Both Farnan and MacKay agree that recovery rates are high among health professionals—much higher than average, in fact. Treatment programs designed especially for them, having to account to many supportive people, and powerful incentives to return to work are highly effective.

Farnan believes certain insights are key to recovery: “Addiction is not a character flaw. It’s a disease which spares no one… And while it is not curable, it is treatable.”

He firmly believes our healthcare system shouldn’t be waiting until addictions progress to “rock bottom,” manifesting as the end product which informs addiction stereotypes. Earlier intervention and more preventative education is needed. But Farnan also observes that addiction is not a “cool subject” to government, and remains underfunded.

Could this be linked to stereotypes about who addicts are, and misperceptions of addiction as a character flaw rather than a disease? “Absolutely,” says Farnan.

Closer to home, the loss of a veteran Terrace nurse has provoked some organizational introspection.

The Northern Health Authority, citing B.C. privacy laws, refuses comment on why this particular nurse was allowed unsupervised access to Fentanyl. But it has scrutinized, and claims to have addressed, problems with narcotics handling practices.4 And the Terrace nurse’s death, and the resulting coroner’s report which was widely circulated among B.C.’s medical professional organizations, has resulted in widespread reconsideration of how Fentanyl in particular is handled.

The NHA’s vice-president of medicine, David Butcher, says he is not aware of any other cases of fatal overdoses, or revocations of licenses to practise due to impairment on the job, among healthcare professionals in Northern Health. If the NHA had such data, it wouldn’t necessarily be disclosed. “If we were commenting at all, it would be to our board,” explains Butcher.

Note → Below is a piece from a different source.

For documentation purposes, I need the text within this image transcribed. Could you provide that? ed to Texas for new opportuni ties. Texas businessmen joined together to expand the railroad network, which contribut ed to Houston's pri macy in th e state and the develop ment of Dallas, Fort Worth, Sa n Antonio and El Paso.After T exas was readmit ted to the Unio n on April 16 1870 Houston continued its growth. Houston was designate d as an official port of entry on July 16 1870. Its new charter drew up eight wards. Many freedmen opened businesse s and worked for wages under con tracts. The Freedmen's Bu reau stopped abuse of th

But concern at the NHA for employee health remains paramount, says Butcher, particularly if it impairs the ability to care for patients. “As an employer … we have to make sure that our staff have access to treatment options and are aware of these.”

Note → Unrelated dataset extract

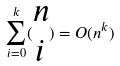<formula> <loc_0><loc_0><loc_500><loc_500>\sum _ { i = 0 } ^ { k } ( \begin{matrix} n \\ i \end{matrix} ) = O ( n ^ { k } )</formula> 
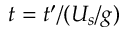<formula> <loc_0><loc_0><loc_500><loc_500>t = t ^ { \prime } / ( U _ { s } / g )</formula>

The NHA offers confidential referrals to help through Employee Assistance Programs. It maintains links to external programs such as the Physicians Health Program co-ordinated by Farnan. And in smaller communities where confidentiality can be more of a challenge, the NHA can sometimes arrange for caregivers to be brought in from elsewhere.

In any case, Butcher says he doesn’t believe there’s any “systemic problem” of intoxication of healthcare professionals.

“[They] are subject to all the concerns, including addiction, that the rest of population is,” he concludes.

  1. NHA’s vice-president of medicine, David Butcher, told Northword that he does not know whether the Sept. 2, 2004 memo, which states that the nurse used patches that were “removed from patients,” accurately describes what happened. He said the statement was “based on an assumption,” which has neither been confirmed nor refuted by information from the coroner’s report. Butcher indicated the memo was “not an official NHA memo…[but] may have been distributed on NHA letterhead,” and later added that it was “appropriately sent by a Bulkley Valley District Hospital pharmacist as a policy directive to staff.”
  2. Source: 1999 U.S. National Household Survey on Drug Abuse.
  3. The Physicians Health Program, co-sponsored by the B.C. Medical Association and B.C. College of Physicians and Surgeons, provides confidential help for physicians dealing with addictions and other issues.
  4. A new policy regarding the disposal of Fentanyl was approved and circulated by the NHA in late August 2004. According to NHA vice-president of medicine David Butcher, the lag of nearly two years between the nurse’s death and the communication of the new policy was due to the fact that the coroner’s report was completed in April 2004, then forwarded to professional organizations such as the College of Physicians and Surgeons, before making its way through NHA policy processes.